*** Block opens ***

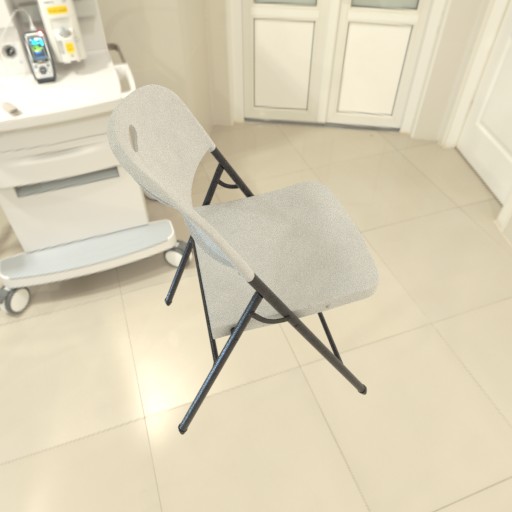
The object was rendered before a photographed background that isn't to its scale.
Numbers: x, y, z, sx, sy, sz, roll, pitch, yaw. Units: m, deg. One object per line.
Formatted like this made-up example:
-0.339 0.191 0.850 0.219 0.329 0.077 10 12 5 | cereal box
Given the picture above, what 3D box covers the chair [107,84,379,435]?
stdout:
0.000 0.000 1.148 0.566 0.810 0.494 -9 46 -9 | chair
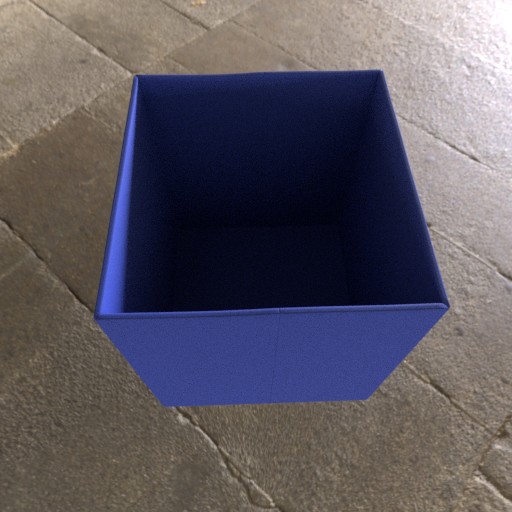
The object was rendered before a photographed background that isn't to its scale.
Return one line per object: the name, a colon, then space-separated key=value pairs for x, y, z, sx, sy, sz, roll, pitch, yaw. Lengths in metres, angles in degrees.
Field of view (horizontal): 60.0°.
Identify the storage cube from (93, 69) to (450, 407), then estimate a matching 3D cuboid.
storage cube: x=0.000 y=0.000 z=0.497 sx=0.270 sy=0.280 sz=0.270 roll=-2 pitch=59 yaw=-1
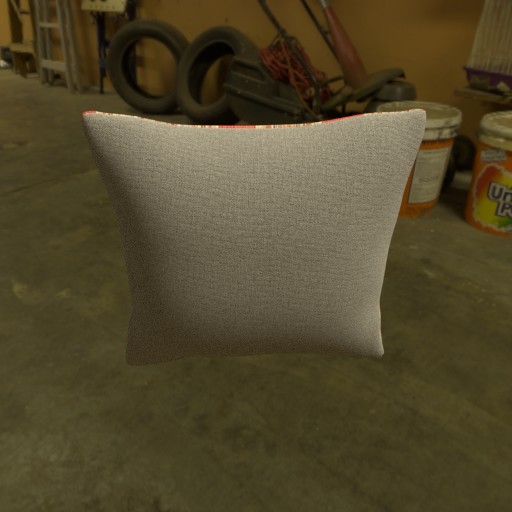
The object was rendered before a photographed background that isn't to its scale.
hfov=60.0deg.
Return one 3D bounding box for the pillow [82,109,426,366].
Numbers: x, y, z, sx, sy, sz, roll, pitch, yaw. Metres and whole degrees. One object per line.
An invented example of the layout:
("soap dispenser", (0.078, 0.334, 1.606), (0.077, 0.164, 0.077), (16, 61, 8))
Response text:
("pillow", (0.000, 0.000, 0.653), (0.437, 0.419, 0.136), (-1, 31, -2))
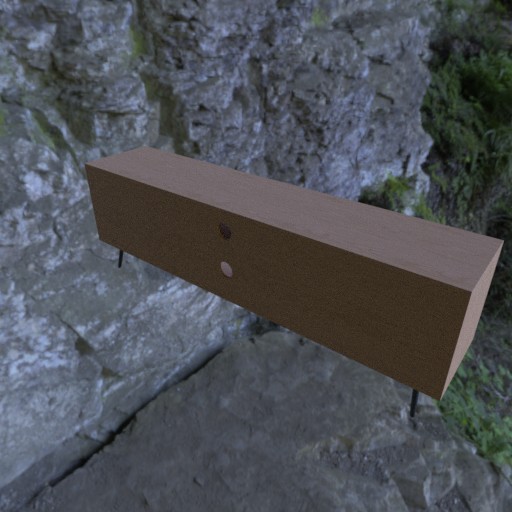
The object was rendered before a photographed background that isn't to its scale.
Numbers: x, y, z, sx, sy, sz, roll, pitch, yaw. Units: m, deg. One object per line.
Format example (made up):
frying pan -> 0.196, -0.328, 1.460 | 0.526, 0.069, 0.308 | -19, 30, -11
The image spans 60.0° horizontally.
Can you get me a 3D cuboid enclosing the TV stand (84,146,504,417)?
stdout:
TV stand -> 0.000, 0.000, 1.925 | 1.760, 0.580, 0.400 | 21, 36, 32
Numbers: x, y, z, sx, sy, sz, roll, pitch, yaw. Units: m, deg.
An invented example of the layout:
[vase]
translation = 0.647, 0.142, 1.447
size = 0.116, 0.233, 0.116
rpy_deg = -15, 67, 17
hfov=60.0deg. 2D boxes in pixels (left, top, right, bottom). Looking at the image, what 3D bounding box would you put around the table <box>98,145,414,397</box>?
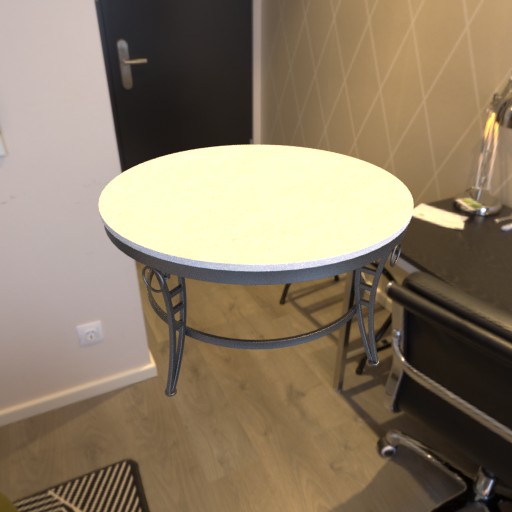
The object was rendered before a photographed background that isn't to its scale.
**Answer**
[table]
translation = 0.000, 0.000, 1.425
size = 0.889, 0.470, 0.889
rpy_deg = 0, 30, 0

*** Block closes ***

WHAT YOU ARE ASKED TO DO
With pictures excluded, reproduce exactly the lines above from the one containing "(16, 61, 8))" down to the one containing "The image spans 60.0° horizontally.", those two included.

ANSWER SECTION
("soap dispenser", (0.078, 0.334, 1.606), (0.077, 0.164, 0.077), (16, 61, 8))
Response text:
("pillow", (0.000, 0.000, 0.653), (0.437, 0.419, 0.136), (-1, 31, -2))
The object was rendered before a photographed background that isn't to its scale.
Numbers: x, y, z, sx, sy, sz, roll, pitch, yaw. Units: m, deg. One object per line.
Format example (made up):
frying pan -> 0.196, -0.328, 1.460 | 0.526, 0.069, 0.308 | -19, 30, -11
The image spans 60.0° horizontally.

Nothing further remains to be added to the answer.